YOUR TASK:
Return exactly the span of lines that opens with the line containing "And the object (785,472,794,490)." and closes with the last line of the data, inclusive.

·····

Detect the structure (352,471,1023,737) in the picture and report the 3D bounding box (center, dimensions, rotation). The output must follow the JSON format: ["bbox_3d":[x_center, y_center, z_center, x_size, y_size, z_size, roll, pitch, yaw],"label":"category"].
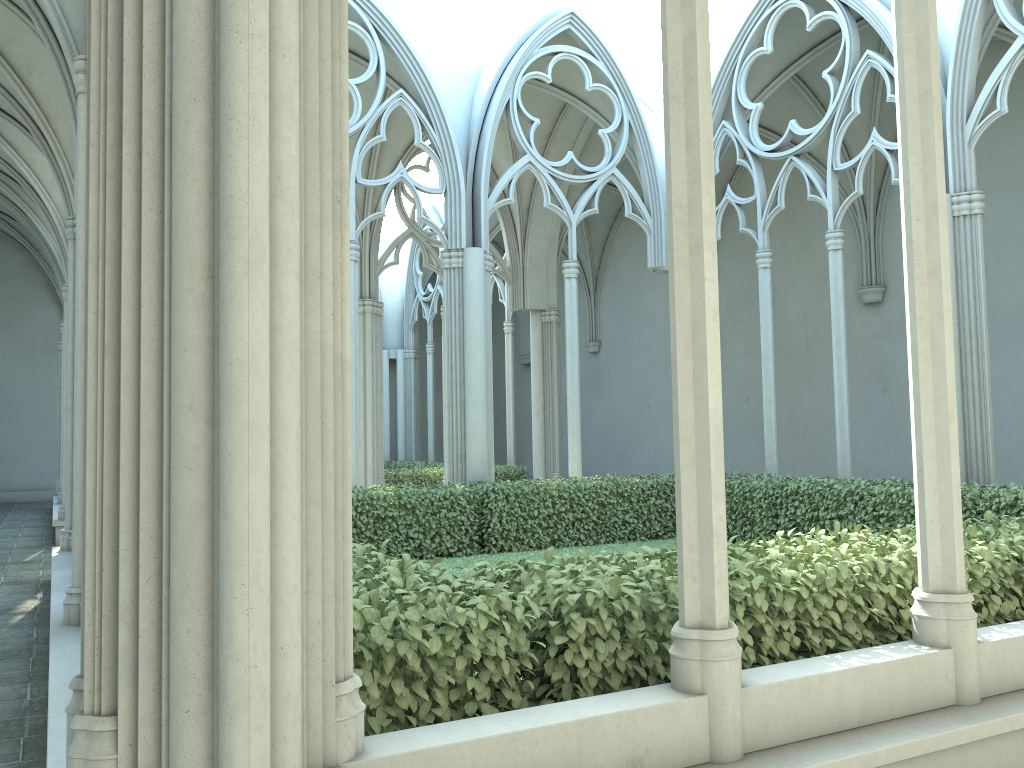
[{"bbox_3d":[1.037,1.454,8.116,7.995,0.963,8.018,1,-4,-27],"label":"structure"}]

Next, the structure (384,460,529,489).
[{"bbox_3d":[-4.939,2.294,19.704,7.995,0.963,8.018,1,-4,-27],"label":"structure"}]
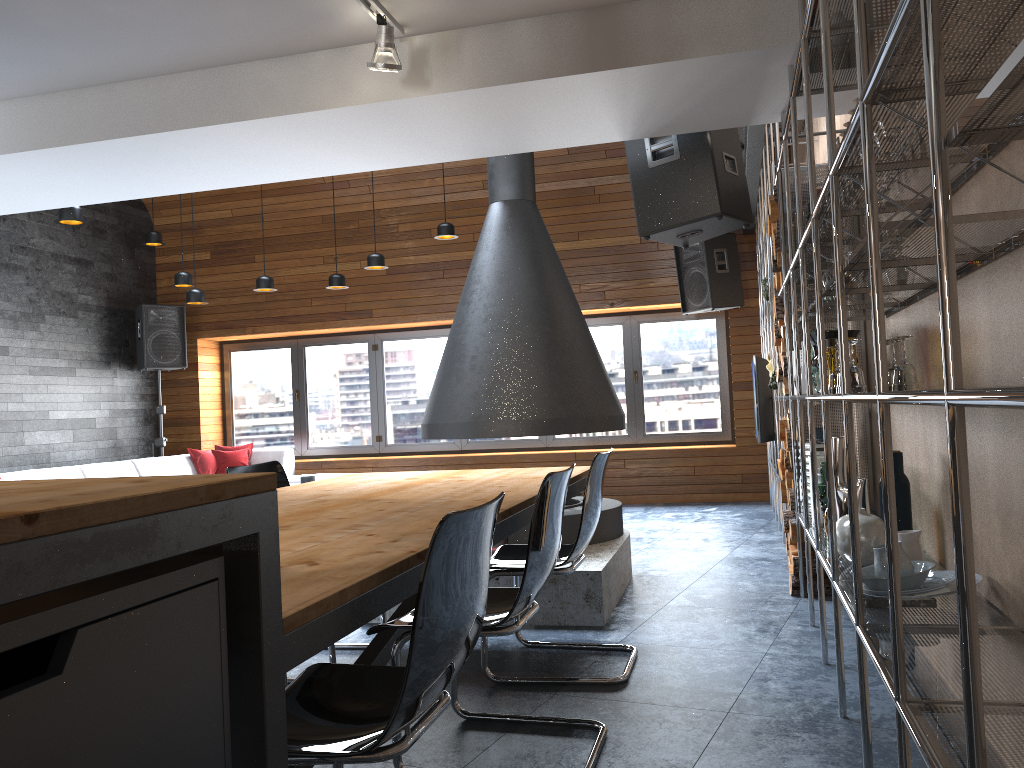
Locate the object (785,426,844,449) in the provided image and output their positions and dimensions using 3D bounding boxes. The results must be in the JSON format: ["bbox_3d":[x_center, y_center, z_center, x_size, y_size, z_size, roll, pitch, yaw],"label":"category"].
[{"bbox_3d":[1.532,0.264,4.454,0.299,0.114,0.135,-3,-2,12],"label":"object"}]

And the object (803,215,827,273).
[{"bbox_3d":[1.389,-0.646,4.099,0.113,0.253,0.112,-3,-2,14],"label":"object"}]

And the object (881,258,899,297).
[{"bbox_3d":[1.277,-0.362,3.014,0.092,0.124,0.092,-4,-2,40],"label":"object"}]

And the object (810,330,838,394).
[{"bbox_3d":[1.324,-0.090,3.735,0.144,0.264,0.142,-4,-2,44],"label":"object"}]

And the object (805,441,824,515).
[{"bbox_3d":[1.485,0.453,4.265,0.140,0.347,0.139,-3,-2,-6],"label":"object"}]

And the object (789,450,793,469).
[{"bbox_3d":[1.548,0.361,4.434,0.309,0.121,0.111,-3,-2,13],"label":"object"}]

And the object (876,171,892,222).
[{"bbox_3d":[1.251,-0.634,3.004,0.070,0.184,0.071,-2,-2,-10],"label":"object"}]

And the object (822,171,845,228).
[{"bbox_3d":[1.094,-0.626,3.010,0.070,0.184,0.071,-2,-2,-10],"label":"object"}]

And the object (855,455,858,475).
[{"bbox_3d":[1.584,0.424,4.477,0.286,0.143,0.143,-3,-2,14],"label":"object"}]

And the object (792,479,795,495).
[{"bbox_3d":[1.557,0.504,4.422,0.303,0.088,0.095,-3,-2,12],"label":"object"}]

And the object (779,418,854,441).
[{"bbox_3d":[1.560,0.235,4.553,0.362,0.115,0.098,-3,-2,13],"label":"object"}]

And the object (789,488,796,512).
[{"bbox_3d":[1.541,0.574,4.446,0.287,0.112,0.126,-3,-2,14],"label":"object"}]

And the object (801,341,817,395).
[{"bbox_3d":[1.389,-0.075,3.952,0.165,0.241,0.175,-1,-2,-40],"label":"object"}]

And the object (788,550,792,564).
[{"bbox_3d":[1.642,0.927,4.707,0.330,0.098,0.103,-3,-2,11],"label":"object"}]

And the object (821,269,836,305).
[{"bbox_3d":[1.153,-0.350,3.207,0.092,0.124,0.092,-4,-2,40],"label":"object"}]

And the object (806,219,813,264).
[{"bbox_3d":[1.337,-0.629,3.940,0.058,0.215,0.077,-4,-2,40],"label":"object"}]

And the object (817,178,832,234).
[{"bbox_3d":[1.112,-0.624,3.118,0.070,0.184,0.071,-2,-2,-10],"label":"object"}]

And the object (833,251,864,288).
[{"bbox_3d":[1.075,-0.357,2.838,0.092,0.124,0.092,-4,-2,40],"label":"object"}]

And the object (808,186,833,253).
[{"bbox_3d":[1.238,-0.655,3.521,0.126,0.255,0.127,-2,-2,-33],"label":"object"}]

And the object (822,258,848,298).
[{"bbox_3d":[1.085,-0.354,2.960,0.092,0.124,0.092,-4,-2,40],"label":"object"}]

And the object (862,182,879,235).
[{"bbox_3d":[1.298,-0.631,3.204,0.070,0.184,0.071,-2,-2,-10],"label":"object"}]

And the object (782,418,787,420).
[{"bbox_3d":[1.622,0.234,4.823,0.299,0.119,0.151,-3,-2,17],"label":"object"}]

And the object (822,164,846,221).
[{"bbox_3d":[1.063,-0.627,2.920,0.070,0.184,0.071,-2,-2,-10],"label":"object"}]

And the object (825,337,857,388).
[{"bbox_3d":[1.240,-0.068,3.351,0.120,0.206,0.120,-2,-2,-29],"label":"object"}]

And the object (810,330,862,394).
[{"bbox_3d":[1.288,-0.084,3.542,0.218,0.244,0.216,-3,-2,4],"label":"object"}]

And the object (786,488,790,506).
[{"bbox_3d":[1.595,0.574,4.638,0.299,0.114,0.135,-3,-2,12],"label":"object"}]

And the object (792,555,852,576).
[{"bbox_3d":[1.564,0.902,4.414,0.321,0.109,0.110,-3,-2,15],"label":"object"}]

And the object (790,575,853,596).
[{"bbox_3d":[1.547,1.004,4.423,0.312,0.110,0.103,-3,-2,10],"label":"object"}]

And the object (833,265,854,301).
[{"bbox_3d":[1.150,-0.354,3.080,0.092,0.124,0.092,-4,-2,40],"label":"object"}]

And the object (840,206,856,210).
[{"bbox_3d":[1.053,-0.630,2.815,0.070,0.184,0.071,-2,-2,-10],"label":"object"}]

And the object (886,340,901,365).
[{"bbox_3d":[1.292,-0.060,3.009,0.081,0.170,0.081,-3,-2,10],"label":"object"}]

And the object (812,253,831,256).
[{"bbox_3d":[1.273,-0.581,3.640,0.108,0.109,0.109,-4,-2,40],"label":"object"}]

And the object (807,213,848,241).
[{"bbox_3d":[1.201,-0.605,3.377,0.148,0.149,0.149,-2,-2,-33],"label":"object"}]

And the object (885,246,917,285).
[{"bbox_3d":[1.217,-0.365,2.775,0.092,0.124,0.092,-4,-2,40],"label":"object"}]

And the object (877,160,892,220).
[{"bbox_3d":[1.215,-0.635,2.905,0.070,0.184,0.071,-2,-2,-10],"label":"object"}]

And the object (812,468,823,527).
[{"bbox_3d":[1.398,0.497,3.890,0.171,0.245,0.146,-4,-2,44],"label":"object"}]

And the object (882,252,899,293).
[{"bbox_3d":[1.246,-0.364,2.892,0.092,0.124,0.092,-4,-2,40],"label":"object"}]

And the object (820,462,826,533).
[{"bbox_3d":[1.352,0.469,3.686,0.125,0.295,0.130,-4,-2,39],"label":"object"}]

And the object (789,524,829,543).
[{"bbox_3d":[1.559,0.742,4.423,0.331,0.105,0.105,-3,-2,11],"label":"object"}]

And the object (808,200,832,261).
[{"bbox_3d":[1.296,-0.658,3.745,0.092,0.268,0.092,-4,-2,37],"label":"object"}]

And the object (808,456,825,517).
[{"bbox_3d":[1.425,0.479,4.083,0.092,0.287,0.148,-3,-2,14],"label":"object"}]

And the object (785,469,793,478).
[{"bbox_3d":[1.589,0.460,4.658,0.288,0.118,0.147,-3,-2,10],"label":"object"}]

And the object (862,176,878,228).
[{"bbox_3d":[1.259,-0.632,3.105,0.070,0.184,0.071,-2,-2,-10],"label":"object"}]

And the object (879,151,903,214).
[{"bbox_3d":[1.199,-0.637,2.812,0.070,0.184,0.071,-2,-2,-10],"label":"object"}]

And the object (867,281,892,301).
[{"bbox_3d":[1.314,-0.359,3.161,0.092,0.124,0.092,-4,-2,40],"label":"object"}]

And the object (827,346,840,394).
[{"bbox_3d":[1.176,-0.049,3.195,0.081,0.170,0.081,-4,-2,40],"label":"object"}]

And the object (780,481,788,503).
[{"bbox_3d":[1.631,0.570,4.759,0.362,0.131,0.154,-3,-2,14],"label":"object"}]

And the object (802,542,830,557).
[{"bbox_3d":[1.584,0.796,4.453,0.288,0.135,0.109,-3,-2,18],"label":"object"}]

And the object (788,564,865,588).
[{"bbox_3d":[1.632,0.993,4.505,0.428,0.131,0.154,-3,-2,14],"label":"object"}]

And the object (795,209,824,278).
[{"bbox_3d":[1.430,-0.674,4.254,0.122,0.313,0.122,-4,-2,34],"label":"object"}]

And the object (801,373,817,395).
[{"bbox_3d":[1.425,-0.028,4.135,0.151,0.154,0.151,-3,-2,17],"label":"object"}]

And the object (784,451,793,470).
[{"bbox_3d":[1.587,0.394,4.604,0.331,0.110,0.101,-3,-2,16],"label":"object"}]

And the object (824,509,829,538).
[{"bbox_3d":[1.255,0.518,3.352,0.145,0.188,0.145,-3,-2,6],"label":"object"}]

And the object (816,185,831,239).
[{"bbox_3d":[1.142,-0.623,3.209,0.070,0.184,0.071,-2,-2,-10],"label":"object"}]

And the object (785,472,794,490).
[{"bbox_3d":[1.582,0.496,4.569,0.330,0.098,0.103,-3,-2,11],"label":"object"}]

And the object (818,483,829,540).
[{"bbox_3d":[1.303,0.505,3.510,0.161,0.219,0.157,-2,-2,-29],"label":"object"}]

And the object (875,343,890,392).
[{"bbox_3d":[1.318,-0.058,3.131,0.081,0.170,0.081,-4,-2,40],"label":"object"}]

·····

OUTPUT:
And the object (785,472,794,490).
[{"bbox_3d":[1.582,0.496,4.569,0.330,0.098,0.103,-3,-2,11],"label":"object"}]

And the object (818,483,829,540).
[{"bbox_3d":[1.303,0.505,3.510,0.161,0.219,0.157,-2,-2,-29],"label":"object"}]

And the object (875,343,890,392).
[{"bbox_3d":[1.318,-0.058,3.131,0.081,0.170,0.081,-4,-2,40],"label":"object"}]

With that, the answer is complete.